--- Problem details ---
If the records below hold pictures, omit them, and print exactly the lines from the first line through the line containing "-0.0827, 0.1654, -0.0827])", inclusive.

--- Input for this task ---
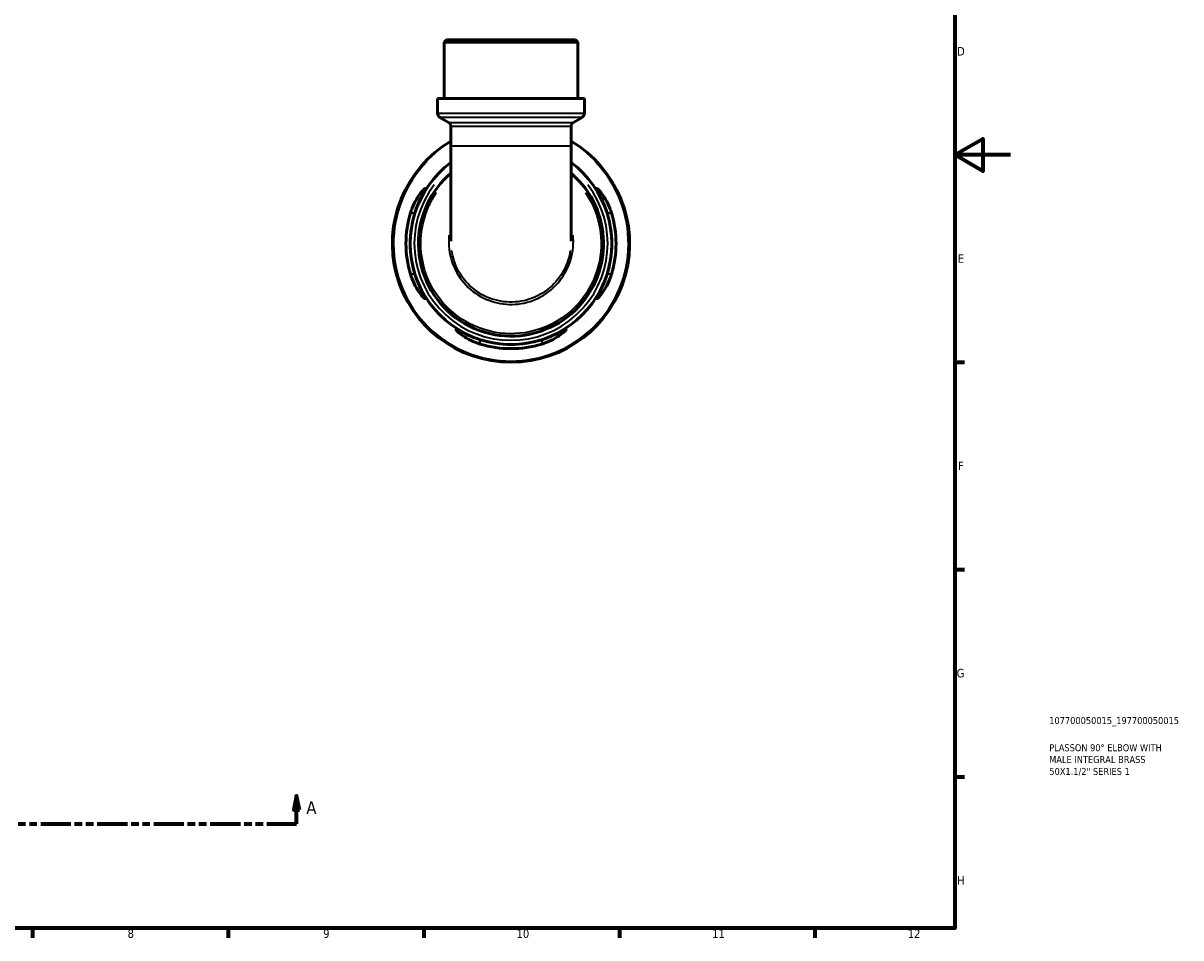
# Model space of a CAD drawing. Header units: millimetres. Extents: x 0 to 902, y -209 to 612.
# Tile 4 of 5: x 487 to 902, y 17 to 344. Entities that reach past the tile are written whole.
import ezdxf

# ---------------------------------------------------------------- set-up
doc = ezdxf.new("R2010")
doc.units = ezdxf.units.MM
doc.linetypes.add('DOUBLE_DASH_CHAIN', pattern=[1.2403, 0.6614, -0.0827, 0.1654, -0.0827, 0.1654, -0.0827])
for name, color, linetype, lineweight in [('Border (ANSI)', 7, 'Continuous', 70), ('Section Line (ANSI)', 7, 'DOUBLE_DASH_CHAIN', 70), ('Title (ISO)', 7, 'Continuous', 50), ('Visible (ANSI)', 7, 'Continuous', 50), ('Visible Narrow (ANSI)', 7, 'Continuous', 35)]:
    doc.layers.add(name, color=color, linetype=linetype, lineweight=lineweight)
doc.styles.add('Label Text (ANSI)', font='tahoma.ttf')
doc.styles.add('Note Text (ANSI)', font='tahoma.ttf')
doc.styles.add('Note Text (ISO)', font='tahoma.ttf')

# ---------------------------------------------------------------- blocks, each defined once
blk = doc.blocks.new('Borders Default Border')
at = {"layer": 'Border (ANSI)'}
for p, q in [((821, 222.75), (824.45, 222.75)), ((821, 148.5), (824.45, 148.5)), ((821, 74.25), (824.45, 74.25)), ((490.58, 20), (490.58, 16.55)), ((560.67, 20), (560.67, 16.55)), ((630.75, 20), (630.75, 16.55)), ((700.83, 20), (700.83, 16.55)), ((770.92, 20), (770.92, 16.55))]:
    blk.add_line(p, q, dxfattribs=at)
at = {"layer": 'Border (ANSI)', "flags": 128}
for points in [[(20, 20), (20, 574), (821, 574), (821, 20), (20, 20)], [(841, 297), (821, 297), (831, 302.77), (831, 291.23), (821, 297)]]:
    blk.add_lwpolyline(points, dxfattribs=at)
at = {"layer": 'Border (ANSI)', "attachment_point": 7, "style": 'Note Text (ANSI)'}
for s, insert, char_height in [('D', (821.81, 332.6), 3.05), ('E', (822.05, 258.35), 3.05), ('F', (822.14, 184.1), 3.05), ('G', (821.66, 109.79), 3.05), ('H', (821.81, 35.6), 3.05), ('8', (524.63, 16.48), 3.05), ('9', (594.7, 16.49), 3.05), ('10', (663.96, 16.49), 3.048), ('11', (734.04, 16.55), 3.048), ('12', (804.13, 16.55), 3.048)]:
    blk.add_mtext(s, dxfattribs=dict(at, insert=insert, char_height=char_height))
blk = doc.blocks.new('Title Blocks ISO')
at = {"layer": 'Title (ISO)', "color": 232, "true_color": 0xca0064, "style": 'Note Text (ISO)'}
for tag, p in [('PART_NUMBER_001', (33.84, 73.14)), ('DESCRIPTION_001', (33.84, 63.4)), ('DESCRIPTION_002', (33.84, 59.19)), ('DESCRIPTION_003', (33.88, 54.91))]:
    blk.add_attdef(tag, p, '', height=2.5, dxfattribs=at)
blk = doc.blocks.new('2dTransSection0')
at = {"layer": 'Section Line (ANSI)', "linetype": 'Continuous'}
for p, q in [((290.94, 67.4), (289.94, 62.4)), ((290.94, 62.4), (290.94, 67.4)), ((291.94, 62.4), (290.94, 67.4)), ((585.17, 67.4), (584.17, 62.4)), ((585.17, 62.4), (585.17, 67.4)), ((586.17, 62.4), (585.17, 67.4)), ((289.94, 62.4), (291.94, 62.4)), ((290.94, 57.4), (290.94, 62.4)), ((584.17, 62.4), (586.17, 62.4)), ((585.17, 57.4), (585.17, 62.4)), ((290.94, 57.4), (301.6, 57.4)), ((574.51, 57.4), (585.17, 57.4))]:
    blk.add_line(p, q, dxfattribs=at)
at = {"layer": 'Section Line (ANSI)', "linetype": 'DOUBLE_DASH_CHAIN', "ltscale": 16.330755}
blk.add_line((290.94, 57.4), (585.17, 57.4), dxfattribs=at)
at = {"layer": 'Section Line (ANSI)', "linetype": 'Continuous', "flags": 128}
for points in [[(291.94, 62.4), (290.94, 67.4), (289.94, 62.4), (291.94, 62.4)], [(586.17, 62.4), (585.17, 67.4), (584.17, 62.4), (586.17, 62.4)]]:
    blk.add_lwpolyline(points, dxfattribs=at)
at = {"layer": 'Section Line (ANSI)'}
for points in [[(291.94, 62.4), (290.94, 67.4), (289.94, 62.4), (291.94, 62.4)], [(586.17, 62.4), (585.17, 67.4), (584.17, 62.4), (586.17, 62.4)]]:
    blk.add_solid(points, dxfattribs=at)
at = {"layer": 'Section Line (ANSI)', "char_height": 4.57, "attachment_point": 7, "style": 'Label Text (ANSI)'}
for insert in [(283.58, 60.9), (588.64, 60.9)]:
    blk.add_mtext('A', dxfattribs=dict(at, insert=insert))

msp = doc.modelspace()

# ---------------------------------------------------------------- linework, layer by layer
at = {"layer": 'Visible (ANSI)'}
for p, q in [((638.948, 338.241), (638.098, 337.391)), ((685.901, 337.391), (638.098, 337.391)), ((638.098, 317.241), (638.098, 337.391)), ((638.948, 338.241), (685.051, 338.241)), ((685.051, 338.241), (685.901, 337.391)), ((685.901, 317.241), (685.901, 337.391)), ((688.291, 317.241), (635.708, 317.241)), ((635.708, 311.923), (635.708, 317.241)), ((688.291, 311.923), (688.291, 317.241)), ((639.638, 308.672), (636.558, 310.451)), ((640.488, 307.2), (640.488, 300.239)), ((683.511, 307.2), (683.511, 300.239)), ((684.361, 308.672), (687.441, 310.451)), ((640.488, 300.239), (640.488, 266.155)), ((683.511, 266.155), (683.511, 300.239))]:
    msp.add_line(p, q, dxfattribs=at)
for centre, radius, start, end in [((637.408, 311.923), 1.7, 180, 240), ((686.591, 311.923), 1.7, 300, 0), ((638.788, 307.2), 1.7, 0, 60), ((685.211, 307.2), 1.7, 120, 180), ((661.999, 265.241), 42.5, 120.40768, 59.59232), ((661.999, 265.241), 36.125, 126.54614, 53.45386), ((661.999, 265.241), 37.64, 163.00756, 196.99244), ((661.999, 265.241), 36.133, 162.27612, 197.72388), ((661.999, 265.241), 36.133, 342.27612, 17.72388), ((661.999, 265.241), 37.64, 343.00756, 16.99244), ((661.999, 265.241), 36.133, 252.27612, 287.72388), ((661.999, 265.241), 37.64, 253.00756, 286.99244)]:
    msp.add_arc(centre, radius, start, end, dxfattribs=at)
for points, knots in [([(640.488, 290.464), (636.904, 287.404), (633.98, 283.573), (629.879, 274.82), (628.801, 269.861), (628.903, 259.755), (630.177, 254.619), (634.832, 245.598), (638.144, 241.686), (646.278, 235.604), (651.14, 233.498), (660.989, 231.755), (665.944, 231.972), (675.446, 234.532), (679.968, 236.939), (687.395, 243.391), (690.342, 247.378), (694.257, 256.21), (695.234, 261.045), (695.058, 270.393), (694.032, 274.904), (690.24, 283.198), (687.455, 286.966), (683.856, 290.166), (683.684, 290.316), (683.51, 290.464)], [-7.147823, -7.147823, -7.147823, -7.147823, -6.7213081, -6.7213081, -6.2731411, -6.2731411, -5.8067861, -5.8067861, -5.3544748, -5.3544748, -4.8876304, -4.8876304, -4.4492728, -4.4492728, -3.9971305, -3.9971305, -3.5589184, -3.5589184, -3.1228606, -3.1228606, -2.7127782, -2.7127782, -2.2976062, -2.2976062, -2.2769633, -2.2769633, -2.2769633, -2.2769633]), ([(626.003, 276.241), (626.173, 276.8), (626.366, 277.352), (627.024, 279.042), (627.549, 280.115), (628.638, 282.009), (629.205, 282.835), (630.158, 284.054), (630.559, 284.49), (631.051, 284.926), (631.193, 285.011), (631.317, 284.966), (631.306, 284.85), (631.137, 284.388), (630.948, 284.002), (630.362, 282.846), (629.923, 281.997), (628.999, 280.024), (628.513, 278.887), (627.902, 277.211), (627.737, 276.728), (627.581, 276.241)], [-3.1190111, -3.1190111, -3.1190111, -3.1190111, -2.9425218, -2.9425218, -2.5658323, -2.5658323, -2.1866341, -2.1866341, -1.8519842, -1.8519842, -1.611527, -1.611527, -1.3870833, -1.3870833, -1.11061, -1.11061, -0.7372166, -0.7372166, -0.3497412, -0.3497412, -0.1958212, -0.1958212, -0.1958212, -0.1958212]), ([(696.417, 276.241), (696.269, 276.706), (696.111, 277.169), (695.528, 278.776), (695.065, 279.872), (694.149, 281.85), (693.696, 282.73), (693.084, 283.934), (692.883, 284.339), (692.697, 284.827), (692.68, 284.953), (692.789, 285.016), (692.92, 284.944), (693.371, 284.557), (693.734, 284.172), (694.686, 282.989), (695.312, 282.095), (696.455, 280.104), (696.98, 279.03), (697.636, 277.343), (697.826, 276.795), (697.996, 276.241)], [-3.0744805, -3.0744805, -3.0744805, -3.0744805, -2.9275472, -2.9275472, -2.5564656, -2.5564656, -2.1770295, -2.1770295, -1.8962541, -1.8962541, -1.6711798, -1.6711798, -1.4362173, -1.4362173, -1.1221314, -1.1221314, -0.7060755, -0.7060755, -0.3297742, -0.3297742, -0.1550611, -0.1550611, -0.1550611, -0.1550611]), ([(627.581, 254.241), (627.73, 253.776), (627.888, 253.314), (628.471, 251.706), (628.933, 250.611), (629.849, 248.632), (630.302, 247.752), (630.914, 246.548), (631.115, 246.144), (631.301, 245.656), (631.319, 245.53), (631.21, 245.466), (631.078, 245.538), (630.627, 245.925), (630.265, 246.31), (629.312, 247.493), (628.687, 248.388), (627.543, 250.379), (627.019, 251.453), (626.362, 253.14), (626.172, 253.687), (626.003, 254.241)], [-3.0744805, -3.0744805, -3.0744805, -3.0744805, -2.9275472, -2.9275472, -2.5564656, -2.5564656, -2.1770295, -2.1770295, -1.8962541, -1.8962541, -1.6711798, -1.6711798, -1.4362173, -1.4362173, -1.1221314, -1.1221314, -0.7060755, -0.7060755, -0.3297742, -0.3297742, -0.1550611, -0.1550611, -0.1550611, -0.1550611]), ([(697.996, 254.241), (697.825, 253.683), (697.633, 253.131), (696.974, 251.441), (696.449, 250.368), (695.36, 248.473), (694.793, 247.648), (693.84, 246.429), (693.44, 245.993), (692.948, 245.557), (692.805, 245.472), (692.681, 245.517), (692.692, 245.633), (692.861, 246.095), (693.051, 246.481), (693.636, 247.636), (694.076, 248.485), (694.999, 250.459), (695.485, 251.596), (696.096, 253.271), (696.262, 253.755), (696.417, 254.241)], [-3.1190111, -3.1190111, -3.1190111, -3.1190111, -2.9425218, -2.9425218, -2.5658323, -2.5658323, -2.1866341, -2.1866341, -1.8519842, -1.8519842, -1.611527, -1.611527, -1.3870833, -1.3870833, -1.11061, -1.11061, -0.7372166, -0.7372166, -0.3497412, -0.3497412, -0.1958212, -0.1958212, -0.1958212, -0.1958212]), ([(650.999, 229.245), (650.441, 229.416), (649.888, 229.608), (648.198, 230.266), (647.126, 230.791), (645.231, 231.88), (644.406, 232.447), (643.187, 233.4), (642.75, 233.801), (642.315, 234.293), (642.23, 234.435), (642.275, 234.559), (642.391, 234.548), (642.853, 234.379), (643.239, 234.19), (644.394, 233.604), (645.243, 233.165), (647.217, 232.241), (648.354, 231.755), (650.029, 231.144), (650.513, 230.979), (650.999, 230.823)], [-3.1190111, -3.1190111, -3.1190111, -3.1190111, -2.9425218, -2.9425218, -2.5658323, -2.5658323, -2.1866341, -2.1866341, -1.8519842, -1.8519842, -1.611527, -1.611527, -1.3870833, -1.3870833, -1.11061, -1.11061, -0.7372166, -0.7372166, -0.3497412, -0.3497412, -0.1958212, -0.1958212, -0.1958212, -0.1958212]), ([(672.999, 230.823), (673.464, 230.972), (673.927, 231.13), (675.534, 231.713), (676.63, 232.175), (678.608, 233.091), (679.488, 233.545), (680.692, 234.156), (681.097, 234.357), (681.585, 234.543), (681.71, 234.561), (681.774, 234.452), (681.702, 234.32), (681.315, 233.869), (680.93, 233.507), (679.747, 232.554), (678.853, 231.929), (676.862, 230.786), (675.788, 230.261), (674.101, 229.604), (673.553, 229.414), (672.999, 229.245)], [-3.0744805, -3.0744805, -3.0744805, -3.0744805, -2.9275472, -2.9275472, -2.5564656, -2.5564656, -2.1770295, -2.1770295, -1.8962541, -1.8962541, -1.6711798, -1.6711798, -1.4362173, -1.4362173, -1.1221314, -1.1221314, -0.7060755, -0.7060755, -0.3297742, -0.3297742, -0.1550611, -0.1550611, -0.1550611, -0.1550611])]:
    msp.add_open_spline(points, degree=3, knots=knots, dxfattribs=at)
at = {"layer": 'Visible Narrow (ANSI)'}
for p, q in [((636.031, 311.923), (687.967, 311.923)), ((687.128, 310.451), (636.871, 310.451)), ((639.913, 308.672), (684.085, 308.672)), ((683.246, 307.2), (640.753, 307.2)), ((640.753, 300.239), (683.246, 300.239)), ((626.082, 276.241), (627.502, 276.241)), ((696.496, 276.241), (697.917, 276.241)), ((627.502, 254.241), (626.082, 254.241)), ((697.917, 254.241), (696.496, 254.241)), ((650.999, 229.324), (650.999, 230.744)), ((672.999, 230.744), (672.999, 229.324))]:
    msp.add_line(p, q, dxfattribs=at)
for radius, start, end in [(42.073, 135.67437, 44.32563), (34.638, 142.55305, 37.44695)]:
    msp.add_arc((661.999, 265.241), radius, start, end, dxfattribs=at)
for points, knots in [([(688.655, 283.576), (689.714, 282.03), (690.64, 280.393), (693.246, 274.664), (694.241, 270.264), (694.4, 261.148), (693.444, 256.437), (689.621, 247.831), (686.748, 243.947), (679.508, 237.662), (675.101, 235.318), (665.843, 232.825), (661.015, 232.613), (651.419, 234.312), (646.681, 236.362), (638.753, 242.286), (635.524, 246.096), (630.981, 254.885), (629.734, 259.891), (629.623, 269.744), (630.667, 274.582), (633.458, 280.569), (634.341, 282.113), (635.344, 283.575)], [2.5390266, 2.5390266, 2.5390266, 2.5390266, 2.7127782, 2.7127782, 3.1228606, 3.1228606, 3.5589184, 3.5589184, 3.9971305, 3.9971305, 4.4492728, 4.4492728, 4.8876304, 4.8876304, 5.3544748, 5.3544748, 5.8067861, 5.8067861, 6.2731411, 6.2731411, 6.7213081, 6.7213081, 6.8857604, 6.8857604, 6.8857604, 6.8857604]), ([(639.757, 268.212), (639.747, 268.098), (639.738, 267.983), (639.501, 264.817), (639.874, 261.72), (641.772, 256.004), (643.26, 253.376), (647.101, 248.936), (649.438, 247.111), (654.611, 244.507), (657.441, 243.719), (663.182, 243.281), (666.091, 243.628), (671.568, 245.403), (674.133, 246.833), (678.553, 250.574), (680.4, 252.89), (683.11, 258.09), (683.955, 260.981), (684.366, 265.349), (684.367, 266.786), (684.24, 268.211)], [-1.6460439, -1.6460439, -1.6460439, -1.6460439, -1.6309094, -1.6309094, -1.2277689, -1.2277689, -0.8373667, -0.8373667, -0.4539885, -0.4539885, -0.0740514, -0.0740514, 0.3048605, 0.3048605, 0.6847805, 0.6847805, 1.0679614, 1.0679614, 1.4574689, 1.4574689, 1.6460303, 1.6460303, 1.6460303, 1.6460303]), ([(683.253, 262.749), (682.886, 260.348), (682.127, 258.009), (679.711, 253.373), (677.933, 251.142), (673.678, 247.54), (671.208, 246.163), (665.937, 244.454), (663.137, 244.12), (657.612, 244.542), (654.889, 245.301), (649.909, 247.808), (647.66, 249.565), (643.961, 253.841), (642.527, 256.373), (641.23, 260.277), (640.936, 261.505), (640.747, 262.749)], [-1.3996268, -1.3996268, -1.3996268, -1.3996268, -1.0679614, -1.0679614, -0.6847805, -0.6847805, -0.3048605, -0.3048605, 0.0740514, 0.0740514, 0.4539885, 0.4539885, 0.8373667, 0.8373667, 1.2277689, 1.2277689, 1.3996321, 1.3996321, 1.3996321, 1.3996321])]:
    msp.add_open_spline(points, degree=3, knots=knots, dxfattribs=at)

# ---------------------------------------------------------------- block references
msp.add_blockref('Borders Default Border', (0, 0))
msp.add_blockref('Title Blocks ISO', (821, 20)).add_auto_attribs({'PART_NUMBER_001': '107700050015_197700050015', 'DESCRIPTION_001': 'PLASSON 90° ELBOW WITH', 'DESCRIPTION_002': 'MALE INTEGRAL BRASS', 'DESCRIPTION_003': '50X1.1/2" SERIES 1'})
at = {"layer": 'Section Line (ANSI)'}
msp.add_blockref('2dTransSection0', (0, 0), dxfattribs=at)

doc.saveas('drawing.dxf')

--- Response ---
# Model space of a CAD drawing. Header units: millimetres. Extents: x 0 to 902, y -209 to 612.
# Tile 4 of 5: x 487 to 902, y 17 to 344. Entities that reach past the tile are written whole.
import ezdxf

# ---------------------------------------------------------------- set-up
doc = ezdxf.new("R2010")
doc.units = ezdxf.units.MM
doc.linetypes.add('DOUBLE_DASH_CHAIN', pattern=[1.2403, 0.6614, -0.0827, 0.1654, -0.0827, 0.1654, -0.0827])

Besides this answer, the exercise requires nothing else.